Current Ground Tackle: Fortress Fx-11 (Danforth Style), with 30 ft. of ss 5/16th chain, 200ft. of 5/8 inch braided line.

Bottom Conditions: Mix of sand, crushed shells and some clay.

Anchoring Method: ease down anchor until it reaches the bottom. Back up and simultaneously pay out line. Once I reach between 10:1/12:1 I cleat off the line, then reverse and hold it for 30 seconds. Then increase rpm's to 1,000 -1,100 and hold for another 30 seconds.
1) Fortress FX-11 is way too small for a 8,500lbs 28 foot power cruiser. I would think Fortress FX-23 would be minimum, and FX-37 a lot better.

2) In addition, a lightweight aluminum anchor like Fortress will have trouble penetrating a relatively hard clay bottom, so it mayl not reset well.

3) The length of chain and rode you have is adequate.

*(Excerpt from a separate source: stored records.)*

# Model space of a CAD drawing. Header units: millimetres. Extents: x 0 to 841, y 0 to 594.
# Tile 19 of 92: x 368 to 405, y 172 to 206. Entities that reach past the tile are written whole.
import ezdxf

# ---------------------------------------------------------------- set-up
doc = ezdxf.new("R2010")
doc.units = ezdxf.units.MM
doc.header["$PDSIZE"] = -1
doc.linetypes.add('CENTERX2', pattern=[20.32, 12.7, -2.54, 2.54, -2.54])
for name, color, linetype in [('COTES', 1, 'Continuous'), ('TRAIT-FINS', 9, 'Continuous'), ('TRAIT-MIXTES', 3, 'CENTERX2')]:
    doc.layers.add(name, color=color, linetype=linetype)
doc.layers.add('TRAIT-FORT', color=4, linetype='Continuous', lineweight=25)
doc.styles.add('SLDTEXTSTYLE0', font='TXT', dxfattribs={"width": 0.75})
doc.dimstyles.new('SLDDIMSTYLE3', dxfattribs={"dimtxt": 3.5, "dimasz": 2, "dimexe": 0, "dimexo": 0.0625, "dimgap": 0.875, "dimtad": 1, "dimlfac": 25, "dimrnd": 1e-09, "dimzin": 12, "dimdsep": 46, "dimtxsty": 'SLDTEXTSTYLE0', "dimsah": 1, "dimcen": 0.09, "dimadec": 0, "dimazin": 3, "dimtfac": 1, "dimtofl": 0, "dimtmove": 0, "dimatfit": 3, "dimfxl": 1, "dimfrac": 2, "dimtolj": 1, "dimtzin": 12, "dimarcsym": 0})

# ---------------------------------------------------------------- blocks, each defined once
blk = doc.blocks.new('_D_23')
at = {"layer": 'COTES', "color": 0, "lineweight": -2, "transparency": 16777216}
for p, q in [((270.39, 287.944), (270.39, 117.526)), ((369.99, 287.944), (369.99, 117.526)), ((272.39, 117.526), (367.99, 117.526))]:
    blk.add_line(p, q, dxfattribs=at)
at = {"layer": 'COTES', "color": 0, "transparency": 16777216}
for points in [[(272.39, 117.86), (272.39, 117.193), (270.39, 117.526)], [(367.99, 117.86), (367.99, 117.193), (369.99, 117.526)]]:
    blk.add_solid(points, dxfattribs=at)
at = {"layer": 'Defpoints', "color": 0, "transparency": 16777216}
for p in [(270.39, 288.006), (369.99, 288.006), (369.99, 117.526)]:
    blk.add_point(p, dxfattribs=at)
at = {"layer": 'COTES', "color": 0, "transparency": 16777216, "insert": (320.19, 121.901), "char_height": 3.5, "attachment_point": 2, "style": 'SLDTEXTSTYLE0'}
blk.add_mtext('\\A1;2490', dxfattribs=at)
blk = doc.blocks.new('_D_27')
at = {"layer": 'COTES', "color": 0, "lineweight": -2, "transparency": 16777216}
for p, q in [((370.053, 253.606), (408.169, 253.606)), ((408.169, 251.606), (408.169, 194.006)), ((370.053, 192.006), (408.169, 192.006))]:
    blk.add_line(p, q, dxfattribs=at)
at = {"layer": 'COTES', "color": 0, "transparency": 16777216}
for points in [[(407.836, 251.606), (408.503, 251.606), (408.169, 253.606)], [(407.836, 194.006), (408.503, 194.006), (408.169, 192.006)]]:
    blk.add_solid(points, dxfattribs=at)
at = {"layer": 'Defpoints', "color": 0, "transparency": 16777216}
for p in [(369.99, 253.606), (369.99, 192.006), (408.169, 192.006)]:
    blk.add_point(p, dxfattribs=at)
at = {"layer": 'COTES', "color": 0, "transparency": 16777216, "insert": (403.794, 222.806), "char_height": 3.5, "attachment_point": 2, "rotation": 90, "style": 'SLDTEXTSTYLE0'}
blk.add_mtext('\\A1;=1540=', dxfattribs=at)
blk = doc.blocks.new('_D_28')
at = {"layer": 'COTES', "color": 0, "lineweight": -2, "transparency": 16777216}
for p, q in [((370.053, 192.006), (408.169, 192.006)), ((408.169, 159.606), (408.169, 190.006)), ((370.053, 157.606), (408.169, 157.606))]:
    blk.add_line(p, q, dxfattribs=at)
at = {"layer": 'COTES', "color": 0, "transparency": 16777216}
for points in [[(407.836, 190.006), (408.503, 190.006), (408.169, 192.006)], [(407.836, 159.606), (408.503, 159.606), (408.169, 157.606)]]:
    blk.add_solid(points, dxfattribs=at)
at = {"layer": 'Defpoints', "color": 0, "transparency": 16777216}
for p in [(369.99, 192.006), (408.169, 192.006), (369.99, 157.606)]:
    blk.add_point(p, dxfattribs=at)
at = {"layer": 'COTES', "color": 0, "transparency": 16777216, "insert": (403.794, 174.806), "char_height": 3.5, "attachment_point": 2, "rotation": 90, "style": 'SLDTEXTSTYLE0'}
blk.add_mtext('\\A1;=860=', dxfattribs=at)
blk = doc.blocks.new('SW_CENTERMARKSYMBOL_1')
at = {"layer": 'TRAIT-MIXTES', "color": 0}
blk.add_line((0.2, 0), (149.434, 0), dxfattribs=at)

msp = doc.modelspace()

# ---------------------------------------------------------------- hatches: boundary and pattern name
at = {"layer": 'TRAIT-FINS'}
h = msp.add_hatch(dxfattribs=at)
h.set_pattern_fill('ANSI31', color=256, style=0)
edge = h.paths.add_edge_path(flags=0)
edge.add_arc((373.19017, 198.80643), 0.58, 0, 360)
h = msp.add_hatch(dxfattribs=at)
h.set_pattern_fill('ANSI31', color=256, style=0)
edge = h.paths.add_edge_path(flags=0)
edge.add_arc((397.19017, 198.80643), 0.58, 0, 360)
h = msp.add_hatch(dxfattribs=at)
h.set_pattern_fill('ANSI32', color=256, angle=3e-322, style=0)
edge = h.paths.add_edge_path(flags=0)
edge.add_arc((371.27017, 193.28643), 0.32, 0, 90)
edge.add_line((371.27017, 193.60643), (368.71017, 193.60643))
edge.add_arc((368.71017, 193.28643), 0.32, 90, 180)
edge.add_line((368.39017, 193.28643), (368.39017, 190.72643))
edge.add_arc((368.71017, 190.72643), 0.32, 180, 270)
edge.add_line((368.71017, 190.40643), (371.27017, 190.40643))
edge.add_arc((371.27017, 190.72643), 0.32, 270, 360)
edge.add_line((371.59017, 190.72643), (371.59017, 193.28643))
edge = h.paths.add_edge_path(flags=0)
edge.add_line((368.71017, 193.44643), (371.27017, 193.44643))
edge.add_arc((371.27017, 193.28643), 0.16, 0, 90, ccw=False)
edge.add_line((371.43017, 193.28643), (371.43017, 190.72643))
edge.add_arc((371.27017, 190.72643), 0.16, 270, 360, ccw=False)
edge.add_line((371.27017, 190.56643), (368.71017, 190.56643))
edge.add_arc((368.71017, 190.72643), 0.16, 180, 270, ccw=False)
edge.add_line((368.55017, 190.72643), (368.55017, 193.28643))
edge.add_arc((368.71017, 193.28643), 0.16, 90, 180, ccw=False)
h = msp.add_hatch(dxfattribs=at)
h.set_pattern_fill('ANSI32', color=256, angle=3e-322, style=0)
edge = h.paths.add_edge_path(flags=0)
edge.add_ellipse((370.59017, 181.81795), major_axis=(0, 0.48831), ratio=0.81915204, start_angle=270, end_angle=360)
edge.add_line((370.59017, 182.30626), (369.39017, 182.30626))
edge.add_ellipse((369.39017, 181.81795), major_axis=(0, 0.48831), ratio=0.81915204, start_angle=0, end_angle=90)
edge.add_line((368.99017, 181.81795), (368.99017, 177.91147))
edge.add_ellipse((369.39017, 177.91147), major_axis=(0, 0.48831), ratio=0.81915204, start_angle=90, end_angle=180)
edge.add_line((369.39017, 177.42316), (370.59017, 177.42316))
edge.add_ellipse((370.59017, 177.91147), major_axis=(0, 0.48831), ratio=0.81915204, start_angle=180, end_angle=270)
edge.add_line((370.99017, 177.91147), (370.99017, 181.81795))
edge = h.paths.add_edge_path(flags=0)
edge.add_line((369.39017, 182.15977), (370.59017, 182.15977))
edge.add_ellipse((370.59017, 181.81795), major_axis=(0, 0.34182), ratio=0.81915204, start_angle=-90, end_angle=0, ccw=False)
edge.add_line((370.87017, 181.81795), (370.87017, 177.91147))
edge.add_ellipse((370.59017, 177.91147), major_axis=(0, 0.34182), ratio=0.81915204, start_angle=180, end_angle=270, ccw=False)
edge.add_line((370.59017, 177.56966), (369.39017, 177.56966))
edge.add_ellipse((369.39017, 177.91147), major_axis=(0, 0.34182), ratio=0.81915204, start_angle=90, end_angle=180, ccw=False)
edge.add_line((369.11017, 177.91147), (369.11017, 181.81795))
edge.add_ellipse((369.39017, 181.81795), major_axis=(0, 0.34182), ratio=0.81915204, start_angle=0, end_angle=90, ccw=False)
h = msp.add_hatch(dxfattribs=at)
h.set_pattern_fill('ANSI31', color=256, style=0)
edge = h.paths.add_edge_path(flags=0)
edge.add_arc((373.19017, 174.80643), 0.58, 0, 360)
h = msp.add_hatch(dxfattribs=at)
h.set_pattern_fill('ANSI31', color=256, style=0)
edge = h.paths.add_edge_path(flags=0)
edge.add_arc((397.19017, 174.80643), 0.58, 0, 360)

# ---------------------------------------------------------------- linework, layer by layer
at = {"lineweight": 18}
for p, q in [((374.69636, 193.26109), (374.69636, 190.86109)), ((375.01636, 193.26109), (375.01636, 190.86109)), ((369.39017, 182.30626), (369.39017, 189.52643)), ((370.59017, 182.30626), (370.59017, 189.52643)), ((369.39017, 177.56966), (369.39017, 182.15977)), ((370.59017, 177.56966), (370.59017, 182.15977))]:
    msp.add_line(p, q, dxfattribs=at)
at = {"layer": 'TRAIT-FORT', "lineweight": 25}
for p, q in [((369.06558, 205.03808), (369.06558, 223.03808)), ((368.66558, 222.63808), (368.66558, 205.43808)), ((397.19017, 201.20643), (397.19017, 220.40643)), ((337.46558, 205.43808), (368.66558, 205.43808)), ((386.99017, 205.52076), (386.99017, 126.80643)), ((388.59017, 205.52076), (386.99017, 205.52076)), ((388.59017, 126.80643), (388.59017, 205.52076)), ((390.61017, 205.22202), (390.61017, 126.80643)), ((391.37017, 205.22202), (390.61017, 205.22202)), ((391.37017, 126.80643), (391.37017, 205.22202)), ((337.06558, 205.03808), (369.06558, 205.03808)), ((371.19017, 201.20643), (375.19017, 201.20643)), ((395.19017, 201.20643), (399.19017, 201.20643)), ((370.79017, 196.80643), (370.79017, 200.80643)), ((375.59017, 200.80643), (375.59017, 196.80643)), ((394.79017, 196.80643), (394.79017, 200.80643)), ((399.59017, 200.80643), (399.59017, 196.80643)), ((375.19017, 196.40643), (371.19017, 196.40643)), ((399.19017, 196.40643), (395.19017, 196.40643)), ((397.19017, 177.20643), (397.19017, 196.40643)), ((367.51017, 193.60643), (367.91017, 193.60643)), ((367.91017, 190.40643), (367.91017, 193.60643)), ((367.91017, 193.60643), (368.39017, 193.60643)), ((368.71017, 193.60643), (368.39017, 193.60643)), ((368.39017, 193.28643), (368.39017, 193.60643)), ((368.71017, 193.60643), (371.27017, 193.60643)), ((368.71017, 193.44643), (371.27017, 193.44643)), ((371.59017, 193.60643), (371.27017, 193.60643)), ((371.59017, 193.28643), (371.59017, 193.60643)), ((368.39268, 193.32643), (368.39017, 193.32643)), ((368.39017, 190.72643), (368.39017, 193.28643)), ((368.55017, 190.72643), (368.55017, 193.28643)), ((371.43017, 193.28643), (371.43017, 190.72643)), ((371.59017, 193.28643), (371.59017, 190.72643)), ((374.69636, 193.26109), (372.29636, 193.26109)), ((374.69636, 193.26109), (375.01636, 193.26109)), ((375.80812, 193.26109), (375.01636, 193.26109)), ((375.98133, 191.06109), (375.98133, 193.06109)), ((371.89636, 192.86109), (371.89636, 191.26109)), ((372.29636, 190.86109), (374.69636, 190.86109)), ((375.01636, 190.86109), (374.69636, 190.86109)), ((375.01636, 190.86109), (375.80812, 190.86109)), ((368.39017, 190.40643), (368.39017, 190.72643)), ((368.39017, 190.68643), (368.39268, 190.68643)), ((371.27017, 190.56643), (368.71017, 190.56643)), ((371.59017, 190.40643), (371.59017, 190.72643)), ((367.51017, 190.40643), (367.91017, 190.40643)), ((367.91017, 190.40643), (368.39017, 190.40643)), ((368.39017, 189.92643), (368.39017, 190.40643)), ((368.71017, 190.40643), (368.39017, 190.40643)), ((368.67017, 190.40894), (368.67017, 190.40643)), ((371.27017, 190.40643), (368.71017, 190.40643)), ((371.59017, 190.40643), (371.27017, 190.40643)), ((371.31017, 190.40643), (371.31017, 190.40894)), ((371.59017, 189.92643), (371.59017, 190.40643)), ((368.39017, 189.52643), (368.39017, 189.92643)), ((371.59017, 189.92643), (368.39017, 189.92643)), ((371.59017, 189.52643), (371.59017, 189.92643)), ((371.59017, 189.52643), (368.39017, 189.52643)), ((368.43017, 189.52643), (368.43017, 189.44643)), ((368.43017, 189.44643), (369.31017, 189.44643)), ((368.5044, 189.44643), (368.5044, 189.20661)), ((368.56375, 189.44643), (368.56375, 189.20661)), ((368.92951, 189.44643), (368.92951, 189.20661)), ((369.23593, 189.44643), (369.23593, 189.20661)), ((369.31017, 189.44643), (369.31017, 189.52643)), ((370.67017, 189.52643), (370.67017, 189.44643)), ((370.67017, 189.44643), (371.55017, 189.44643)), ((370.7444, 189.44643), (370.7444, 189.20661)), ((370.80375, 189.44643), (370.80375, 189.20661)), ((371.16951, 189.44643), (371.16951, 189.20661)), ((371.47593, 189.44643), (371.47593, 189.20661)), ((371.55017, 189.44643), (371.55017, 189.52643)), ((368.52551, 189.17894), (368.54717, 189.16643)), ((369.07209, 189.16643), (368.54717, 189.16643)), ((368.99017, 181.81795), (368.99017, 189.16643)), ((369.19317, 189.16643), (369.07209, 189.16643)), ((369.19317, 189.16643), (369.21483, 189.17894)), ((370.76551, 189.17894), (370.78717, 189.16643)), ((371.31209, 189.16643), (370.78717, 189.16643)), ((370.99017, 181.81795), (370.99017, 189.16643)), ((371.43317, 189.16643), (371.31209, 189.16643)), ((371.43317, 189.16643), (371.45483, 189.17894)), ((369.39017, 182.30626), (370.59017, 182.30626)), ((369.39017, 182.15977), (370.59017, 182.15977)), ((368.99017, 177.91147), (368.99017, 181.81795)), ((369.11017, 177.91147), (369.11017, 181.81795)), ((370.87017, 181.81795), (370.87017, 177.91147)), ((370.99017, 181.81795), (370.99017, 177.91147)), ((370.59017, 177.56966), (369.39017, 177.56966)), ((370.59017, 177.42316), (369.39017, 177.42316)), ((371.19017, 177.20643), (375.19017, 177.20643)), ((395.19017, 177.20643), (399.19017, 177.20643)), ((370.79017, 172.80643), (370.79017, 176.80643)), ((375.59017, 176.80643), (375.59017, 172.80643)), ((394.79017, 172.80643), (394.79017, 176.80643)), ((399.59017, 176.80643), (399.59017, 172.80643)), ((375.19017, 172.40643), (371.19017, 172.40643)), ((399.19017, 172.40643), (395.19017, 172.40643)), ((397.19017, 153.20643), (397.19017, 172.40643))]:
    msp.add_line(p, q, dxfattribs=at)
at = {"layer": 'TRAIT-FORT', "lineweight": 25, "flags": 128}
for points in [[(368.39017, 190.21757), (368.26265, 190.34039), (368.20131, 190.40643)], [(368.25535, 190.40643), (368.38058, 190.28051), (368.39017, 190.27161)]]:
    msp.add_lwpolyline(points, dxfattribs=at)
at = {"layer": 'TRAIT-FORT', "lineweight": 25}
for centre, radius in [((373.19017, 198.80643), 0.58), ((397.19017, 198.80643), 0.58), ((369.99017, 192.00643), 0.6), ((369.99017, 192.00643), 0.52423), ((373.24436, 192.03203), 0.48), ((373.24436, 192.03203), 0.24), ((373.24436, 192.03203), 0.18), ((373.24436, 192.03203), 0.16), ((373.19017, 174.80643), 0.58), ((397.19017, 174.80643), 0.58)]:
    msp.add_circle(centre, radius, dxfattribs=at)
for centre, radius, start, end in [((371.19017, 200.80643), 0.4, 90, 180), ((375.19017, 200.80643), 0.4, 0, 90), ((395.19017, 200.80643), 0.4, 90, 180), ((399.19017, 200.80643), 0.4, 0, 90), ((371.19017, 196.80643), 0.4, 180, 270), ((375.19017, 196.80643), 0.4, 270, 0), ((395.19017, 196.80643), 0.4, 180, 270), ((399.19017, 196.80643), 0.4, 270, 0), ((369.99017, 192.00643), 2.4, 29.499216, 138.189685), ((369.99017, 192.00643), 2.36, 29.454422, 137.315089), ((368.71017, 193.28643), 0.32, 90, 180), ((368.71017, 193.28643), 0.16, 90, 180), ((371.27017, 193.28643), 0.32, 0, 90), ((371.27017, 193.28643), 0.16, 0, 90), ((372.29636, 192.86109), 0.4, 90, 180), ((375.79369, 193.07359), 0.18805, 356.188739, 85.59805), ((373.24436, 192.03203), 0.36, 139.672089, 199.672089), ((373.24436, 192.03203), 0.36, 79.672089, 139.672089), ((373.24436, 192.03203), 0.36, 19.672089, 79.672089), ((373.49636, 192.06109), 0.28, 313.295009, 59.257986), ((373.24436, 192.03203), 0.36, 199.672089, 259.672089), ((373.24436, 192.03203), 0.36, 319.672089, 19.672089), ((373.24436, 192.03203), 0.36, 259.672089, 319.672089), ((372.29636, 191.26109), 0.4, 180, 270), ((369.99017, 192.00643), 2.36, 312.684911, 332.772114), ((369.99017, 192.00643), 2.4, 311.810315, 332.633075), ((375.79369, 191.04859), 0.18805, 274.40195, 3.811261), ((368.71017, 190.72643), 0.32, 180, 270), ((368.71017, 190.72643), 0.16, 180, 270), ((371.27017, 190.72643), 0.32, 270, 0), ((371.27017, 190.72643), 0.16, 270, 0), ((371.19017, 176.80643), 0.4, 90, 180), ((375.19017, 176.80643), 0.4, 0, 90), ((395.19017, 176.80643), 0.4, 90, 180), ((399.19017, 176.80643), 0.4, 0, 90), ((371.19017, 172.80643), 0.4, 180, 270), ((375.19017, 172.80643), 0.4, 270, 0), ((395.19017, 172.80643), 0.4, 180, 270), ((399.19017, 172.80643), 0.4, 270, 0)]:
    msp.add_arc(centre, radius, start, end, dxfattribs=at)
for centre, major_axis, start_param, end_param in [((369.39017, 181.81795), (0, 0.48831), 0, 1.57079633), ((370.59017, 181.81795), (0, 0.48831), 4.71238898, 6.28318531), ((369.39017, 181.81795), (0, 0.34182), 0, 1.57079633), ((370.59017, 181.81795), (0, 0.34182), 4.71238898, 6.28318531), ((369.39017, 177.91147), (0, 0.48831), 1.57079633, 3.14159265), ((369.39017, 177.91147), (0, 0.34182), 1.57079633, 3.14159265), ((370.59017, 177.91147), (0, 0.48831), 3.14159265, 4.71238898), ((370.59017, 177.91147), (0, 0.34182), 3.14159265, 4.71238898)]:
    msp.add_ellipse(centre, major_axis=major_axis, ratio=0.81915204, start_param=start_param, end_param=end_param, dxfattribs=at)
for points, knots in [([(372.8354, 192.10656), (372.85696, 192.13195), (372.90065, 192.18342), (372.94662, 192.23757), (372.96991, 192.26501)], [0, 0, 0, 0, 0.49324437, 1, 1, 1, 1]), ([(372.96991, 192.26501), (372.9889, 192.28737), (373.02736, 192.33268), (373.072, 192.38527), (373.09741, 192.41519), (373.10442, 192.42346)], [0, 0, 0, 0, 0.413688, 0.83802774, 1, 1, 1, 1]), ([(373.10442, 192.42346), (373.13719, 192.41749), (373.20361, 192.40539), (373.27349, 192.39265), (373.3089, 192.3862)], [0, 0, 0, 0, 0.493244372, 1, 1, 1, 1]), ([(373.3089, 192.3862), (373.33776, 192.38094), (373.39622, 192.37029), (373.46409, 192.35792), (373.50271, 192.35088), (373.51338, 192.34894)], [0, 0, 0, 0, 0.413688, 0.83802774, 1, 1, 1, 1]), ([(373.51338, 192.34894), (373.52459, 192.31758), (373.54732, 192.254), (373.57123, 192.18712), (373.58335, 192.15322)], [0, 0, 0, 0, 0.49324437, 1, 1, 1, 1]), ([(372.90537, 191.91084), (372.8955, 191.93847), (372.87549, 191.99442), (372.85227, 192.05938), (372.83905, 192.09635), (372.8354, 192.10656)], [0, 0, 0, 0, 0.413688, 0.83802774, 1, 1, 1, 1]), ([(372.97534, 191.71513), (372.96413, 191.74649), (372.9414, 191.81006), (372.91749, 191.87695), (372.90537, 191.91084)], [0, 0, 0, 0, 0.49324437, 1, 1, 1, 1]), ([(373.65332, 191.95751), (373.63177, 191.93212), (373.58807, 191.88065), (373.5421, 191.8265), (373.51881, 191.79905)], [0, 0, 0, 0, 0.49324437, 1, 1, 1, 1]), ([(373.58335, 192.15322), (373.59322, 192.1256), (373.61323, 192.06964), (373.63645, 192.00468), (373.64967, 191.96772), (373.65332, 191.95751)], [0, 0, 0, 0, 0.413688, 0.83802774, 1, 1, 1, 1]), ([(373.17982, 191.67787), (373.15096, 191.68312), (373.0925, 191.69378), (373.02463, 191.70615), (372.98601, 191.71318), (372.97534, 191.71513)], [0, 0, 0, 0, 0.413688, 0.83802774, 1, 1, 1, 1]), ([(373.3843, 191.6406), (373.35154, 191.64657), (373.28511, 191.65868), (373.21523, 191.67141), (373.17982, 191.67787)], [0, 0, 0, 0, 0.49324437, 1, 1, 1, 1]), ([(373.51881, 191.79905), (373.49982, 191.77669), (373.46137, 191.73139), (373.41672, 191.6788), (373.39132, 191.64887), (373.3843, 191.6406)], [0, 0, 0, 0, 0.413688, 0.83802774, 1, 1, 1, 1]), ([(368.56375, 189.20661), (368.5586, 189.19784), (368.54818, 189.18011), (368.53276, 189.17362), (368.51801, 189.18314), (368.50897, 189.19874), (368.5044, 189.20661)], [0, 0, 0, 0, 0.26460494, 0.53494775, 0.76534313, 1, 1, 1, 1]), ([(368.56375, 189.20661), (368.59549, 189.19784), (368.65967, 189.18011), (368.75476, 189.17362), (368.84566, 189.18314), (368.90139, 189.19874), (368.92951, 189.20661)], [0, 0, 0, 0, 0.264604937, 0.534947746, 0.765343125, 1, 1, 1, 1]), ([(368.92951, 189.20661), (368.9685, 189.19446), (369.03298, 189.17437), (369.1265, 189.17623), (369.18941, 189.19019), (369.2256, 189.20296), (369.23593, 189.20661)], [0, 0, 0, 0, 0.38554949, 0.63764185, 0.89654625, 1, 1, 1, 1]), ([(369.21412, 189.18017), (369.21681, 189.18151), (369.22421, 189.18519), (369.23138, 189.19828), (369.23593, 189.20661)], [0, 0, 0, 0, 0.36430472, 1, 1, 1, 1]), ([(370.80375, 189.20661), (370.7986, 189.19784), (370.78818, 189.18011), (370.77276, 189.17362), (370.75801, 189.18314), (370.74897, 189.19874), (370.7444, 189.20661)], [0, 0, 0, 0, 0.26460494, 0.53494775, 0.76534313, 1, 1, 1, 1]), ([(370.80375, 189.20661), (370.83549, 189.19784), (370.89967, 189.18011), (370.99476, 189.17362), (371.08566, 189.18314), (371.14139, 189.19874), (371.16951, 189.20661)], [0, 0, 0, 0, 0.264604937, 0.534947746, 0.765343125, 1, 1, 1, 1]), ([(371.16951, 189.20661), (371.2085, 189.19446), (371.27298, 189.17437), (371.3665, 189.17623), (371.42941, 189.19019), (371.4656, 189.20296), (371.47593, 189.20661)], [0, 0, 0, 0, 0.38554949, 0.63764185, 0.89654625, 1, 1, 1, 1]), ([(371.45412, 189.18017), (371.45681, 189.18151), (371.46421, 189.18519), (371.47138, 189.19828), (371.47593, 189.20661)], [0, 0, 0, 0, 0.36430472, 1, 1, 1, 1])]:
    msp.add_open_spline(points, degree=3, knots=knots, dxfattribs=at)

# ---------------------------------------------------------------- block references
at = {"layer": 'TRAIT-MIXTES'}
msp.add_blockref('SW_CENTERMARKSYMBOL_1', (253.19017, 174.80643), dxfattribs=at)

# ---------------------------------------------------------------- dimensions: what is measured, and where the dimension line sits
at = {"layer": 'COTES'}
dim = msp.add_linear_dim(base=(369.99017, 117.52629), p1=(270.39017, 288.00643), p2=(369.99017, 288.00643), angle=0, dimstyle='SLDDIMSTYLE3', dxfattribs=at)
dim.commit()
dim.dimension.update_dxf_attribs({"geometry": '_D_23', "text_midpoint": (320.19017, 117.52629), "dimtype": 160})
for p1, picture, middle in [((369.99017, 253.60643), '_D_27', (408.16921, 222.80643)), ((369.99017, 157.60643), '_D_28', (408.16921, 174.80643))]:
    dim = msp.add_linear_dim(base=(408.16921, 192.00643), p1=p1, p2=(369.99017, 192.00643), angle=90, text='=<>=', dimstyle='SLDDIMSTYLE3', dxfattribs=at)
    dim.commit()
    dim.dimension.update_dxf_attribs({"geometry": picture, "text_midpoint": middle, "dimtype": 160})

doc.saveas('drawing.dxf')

4) Unless the stainless chain is high tensile (G4 or better), 5/16" may not be strong enough

5) Unless you anchor in an open roadstead, I would think you might have trouble finding enough swinging room for 12:1 scope. Furthermore, most other boats probably release ~6:1 scope, so you might get uncomfortably close to your neighbours.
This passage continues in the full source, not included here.